• Brief
The answer must consist solely of the lines below starting at the one containing "Use one line" and ending at the one containing "This view is 60.0°", repeated exactly, with both ends included and all pictures omitted.

***** Entries provided *****

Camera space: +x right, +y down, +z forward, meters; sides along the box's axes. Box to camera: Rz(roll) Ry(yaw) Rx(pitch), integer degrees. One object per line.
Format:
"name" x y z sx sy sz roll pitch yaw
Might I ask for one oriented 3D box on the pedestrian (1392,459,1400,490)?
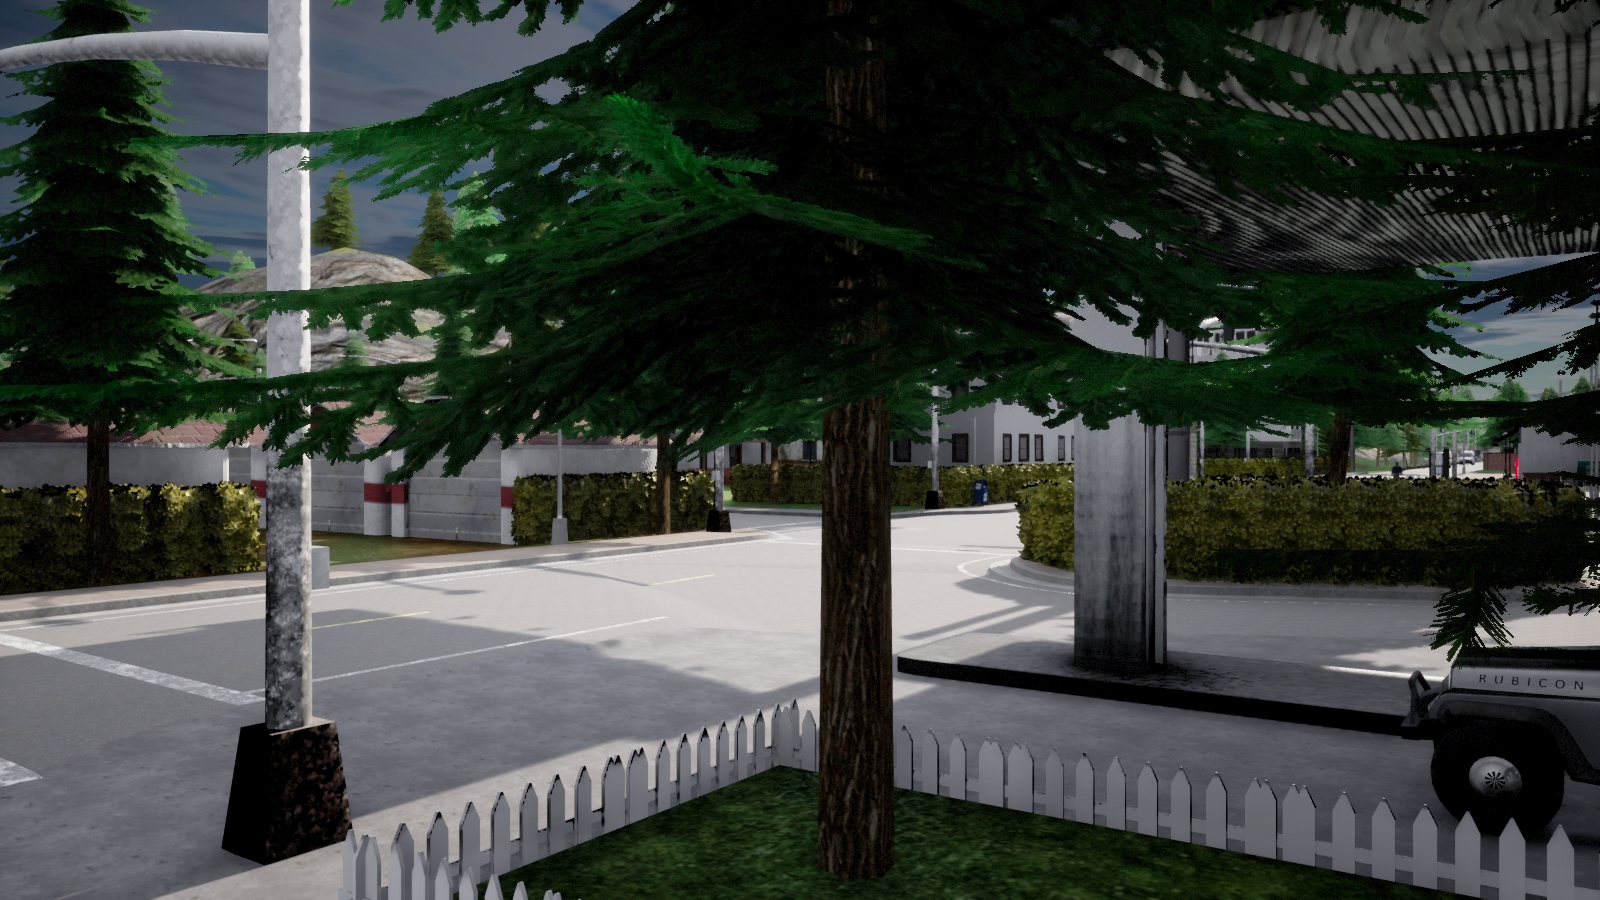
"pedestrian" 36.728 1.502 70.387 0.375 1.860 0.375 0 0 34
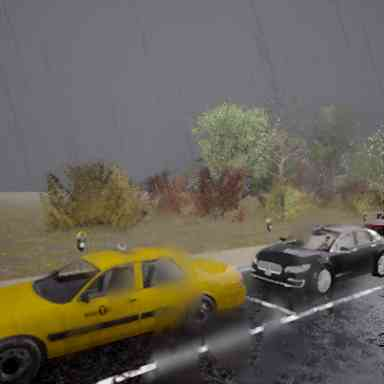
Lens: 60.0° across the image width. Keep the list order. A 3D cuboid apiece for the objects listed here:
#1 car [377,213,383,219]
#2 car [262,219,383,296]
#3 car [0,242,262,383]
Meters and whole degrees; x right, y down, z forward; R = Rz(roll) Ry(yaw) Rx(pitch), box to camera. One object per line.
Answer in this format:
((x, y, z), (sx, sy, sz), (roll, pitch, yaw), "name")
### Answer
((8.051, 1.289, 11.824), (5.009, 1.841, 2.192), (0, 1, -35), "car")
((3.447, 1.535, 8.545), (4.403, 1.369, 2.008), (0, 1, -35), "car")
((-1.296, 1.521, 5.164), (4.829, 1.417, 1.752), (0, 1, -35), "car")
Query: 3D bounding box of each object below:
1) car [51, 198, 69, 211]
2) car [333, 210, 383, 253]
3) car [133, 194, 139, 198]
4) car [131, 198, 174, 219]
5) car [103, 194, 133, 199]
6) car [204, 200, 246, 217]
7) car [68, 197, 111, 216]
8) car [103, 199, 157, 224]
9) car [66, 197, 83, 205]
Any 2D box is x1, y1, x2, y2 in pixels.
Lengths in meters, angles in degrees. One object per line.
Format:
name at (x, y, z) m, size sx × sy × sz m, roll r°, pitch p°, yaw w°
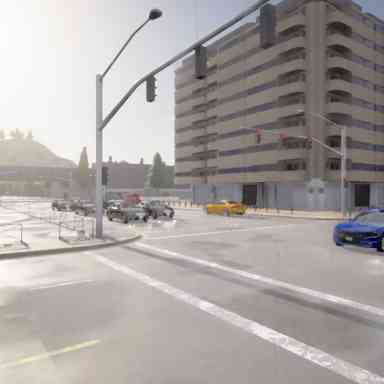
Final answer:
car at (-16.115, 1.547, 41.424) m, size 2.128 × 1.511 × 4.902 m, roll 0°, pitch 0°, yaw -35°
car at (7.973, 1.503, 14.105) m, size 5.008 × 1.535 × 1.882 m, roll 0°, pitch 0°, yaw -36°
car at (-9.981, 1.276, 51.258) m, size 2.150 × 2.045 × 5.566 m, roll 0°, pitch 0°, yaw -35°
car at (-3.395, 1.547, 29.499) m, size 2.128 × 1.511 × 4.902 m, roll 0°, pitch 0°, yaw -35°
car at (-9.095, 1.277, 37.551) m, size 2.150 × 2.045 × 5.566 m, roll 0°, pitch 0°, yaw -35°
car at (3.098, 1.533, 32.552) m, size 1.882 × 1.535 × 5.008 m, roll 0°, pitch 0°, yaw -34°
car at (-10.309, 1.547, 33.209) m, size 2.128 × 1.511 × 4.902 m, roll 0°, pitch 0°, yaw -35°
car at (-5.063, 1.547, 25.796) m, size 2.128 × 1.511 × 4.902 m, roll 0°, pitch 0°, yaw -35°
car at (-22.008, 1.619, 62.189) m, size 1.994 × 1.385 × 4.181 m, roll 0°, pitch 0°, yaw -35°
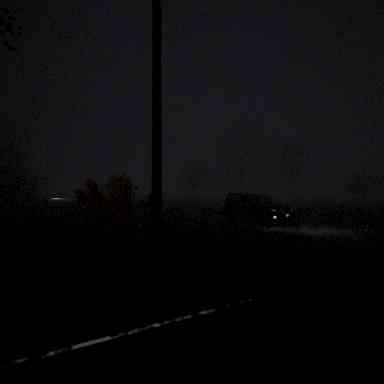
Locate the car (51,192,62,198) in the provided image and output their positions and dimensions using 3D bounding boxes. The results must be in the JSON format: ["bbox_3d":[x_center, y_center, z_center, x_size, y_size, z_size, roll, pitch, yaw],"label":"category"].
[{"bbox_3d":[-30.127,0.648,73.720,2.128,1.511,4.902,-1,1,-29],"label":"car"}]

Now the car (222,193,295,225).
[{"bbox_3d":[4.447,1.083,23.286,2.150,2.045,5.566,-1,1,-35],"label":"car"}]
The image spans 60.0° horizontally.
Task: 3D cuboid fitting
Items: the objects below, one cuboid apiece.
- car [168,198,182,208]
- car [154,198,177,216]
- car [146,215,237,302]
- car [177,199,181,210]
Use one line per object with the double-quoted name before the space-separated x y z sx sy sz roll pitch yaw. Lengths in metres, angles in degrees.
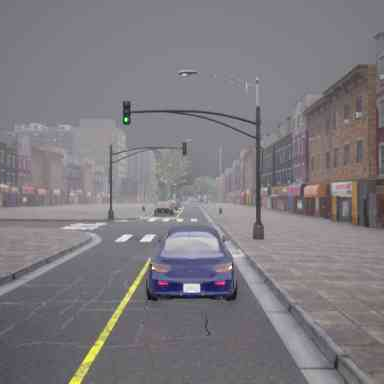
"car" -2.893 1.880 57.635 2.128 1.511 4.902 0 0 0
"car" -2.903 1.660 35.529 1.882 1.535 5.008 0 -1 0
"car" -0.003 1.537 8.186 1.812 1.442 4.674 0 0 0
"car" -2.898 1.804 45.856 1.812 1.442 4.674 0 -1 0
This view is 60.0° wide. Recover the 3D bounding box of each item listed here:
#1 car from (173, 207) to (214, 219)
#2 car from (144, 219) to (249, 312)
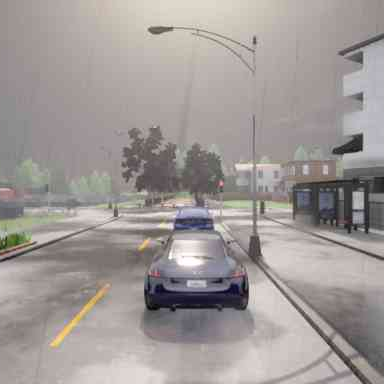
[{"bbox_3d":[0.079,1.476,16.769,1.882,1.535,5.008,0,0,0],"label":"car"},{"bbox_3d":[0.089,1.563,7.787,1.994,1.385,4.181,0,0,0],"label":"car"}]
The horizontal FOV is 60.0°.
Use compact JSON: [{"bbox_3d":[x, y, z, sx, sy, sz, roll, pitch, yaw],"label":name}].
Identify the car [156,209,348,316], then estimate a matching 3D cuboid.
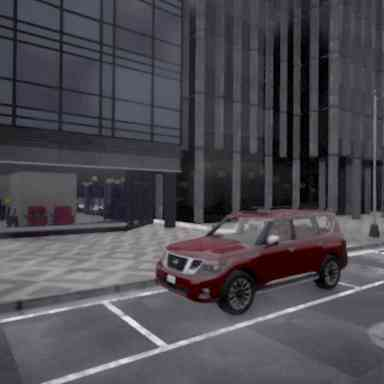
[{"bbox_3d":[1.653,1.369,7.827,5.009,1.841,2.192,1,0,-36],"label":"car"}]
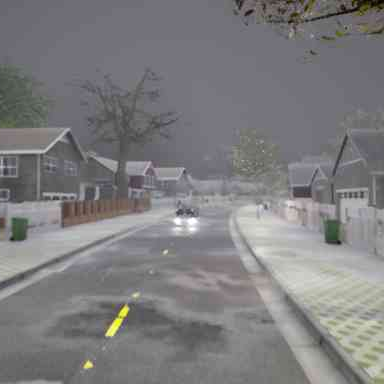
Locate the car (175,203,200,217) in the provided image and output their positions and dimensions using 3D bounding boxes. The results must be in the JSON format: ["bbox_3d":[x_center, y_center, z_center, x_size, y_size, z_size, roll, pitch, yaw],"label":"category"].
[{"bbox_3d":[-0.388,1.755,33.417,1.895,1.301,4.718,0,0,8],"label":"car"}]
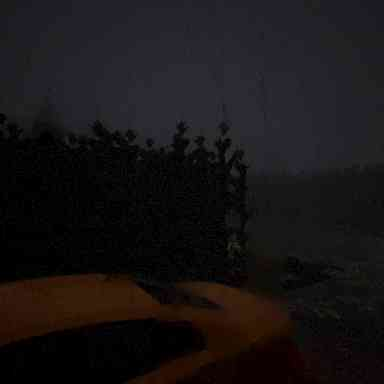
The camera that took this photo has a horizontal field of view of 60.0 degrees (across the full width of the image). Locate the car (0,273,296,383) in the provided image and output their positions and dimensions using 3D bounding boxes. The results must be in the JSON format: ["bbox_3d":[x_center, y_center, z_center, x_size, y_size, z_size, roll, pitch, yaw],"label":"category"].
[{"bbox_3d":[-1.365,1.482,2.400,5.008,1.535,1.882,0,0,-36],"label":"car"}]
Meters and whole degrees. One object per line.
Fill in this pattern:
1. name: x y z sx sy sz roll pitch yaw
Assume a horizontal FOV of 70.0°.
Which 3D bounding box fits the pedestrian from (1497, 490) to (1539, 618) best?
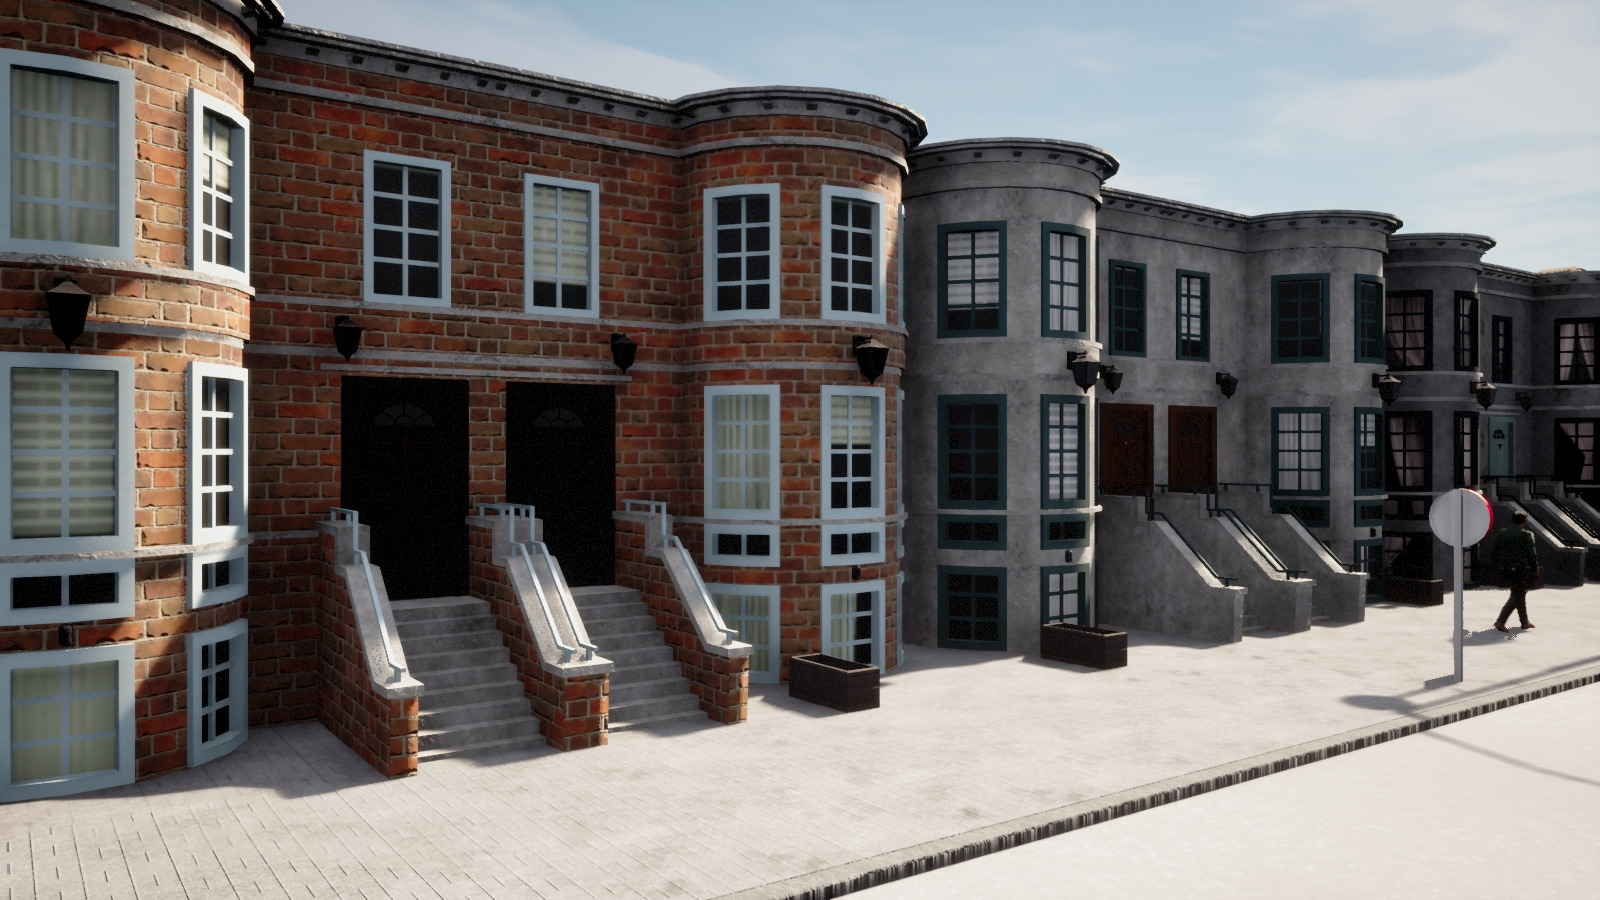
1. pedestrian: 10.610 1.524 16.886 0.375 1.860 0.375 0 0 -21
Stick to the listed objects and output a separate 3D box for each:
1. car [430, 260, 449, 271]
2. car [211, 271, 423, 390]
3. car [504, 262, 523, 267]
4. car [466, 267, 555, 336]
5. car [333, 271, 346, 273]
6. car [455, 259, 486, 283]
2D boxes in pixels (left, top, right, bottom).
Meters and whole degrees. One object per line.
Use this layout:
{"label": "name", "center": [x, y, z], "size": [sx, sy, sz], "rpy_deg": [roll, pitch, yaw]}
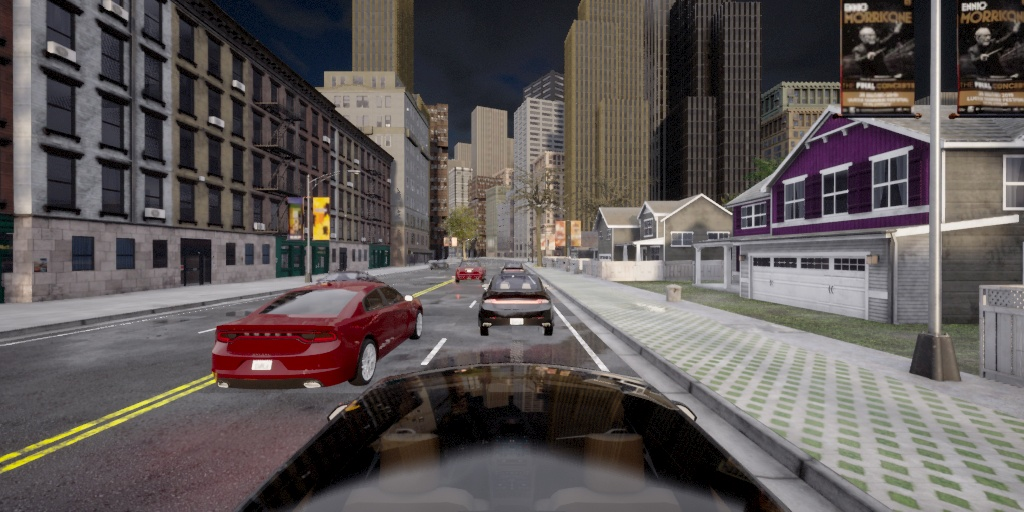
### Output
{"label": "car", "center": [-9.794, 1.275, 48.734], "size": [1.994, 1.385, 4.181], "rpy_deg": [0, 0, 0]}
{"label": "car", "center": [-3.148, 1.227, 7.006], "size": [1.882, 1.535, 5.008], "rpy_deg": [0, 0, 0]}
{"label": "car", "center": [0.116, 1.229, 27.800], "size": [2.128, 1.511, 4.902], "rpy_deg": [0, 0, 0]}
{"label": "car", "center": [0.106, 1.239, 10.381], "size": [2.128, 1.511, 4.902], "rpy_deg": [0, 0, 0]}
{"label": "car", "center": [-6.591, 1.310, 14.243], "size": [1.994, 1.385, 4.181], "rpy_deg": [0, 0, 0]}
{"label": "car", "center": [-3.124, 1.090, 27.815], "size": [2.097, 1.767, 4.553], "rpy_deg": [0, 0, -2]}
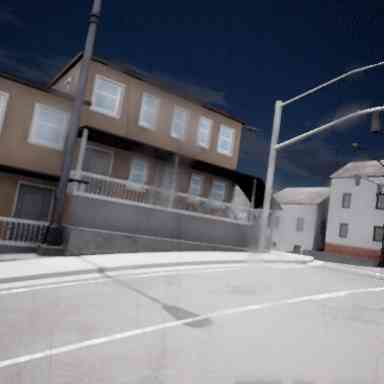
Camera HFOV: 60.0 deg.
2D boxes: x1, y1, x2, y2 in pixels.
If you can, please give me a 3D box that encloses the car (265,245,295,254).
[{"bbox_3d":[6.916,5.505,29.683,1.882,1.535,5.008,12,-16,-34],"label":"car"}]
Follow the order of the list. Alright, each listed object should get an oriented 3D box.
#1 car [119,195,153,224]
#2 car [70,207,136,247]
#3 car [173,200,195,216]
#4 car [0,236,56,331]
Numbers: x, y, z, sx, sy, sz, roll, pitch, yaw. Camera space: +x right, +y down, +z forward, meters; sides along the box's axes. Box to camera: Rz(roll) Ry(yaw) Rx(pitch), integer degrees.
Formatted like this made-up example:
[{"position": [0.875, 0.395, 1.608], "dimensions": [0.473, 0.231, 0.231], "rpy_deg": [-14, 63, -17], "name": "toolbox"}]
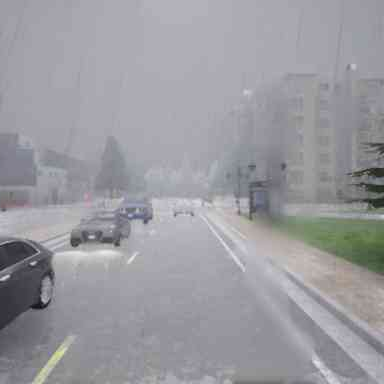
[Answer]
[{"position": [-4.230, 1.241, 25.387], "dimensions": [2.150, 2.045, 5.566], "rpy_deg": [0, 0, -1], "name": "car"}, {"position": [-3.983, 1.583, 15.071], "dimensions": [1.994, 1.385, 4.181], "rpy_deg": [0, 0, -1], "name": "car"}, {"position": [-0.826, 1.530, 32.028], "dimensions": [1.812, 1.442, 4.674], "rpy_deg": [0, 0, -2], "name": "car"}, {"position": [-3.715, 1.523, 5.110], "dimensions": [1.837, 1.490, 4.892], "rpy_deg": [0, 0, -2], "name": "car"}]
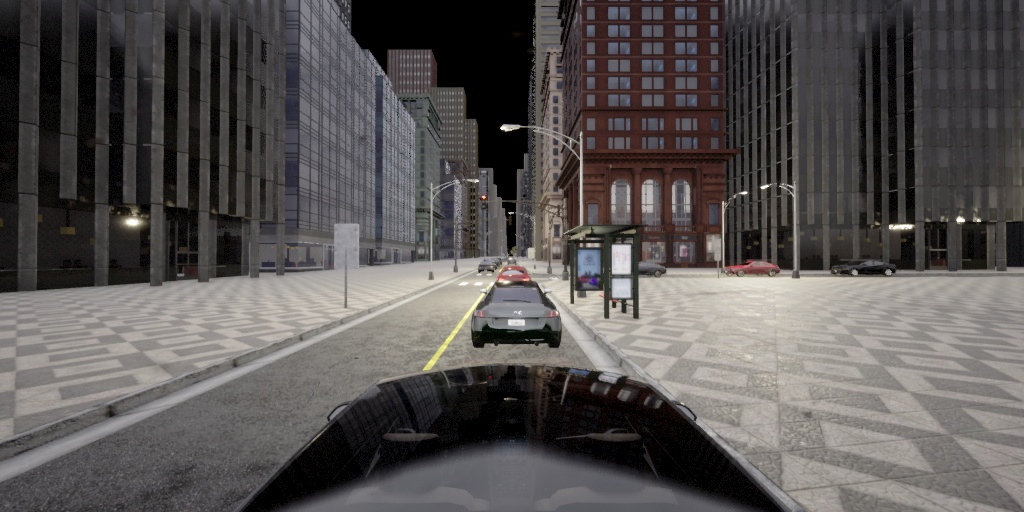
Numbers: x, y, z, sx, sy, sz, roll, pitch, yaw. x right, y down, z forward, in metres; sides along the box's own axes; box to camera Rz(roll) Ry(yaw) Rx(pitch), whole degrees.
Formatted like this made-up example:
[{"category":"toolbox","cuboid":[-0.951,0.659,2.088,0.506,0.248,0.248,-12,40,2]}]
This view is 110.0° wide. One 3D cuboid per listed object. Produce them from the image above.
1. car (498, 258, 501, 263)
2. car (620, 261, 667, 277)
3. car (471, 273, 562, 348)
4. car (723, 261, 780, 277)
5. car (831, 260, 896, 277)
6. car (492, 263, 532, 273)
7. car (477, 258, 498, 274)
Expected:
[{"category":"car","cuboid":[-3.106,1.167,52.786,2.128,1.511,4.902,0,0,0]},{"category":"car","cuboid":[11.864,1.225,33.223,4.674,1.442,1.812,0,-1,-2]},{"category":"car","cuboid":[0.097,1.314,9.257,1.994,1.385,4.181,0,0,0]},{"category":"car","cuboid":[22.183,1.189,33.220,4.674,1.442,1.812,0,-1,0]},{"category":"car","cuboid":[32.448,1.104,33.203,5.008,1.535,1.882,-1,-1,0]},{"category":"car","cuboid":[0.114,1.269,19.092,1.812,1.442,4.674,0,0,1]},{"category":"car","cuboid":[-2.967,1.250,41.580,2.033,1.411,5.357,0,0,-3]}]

*****

• Answer section
Use one line per object with the double-quoted name before the space-separated x y z sx sy sz roll pitch yaw. Lengths in metres, angles in degrees.
"car" -2.893 1.880 57.635 2.128 1.511 4.902 0 0 0
"car" -2.903 1.660 35.529 1.882 1.535 5.008 0 -1 0
"car" -0.003 1.537 8.186 1.812 1.442 4.674 0 0 0
"car" -2.898 1.804 45.856 1.812 1.442 4.674 0 -1 0
This view is 60.0° wide. Recover the 3D bounding box of each item listed here:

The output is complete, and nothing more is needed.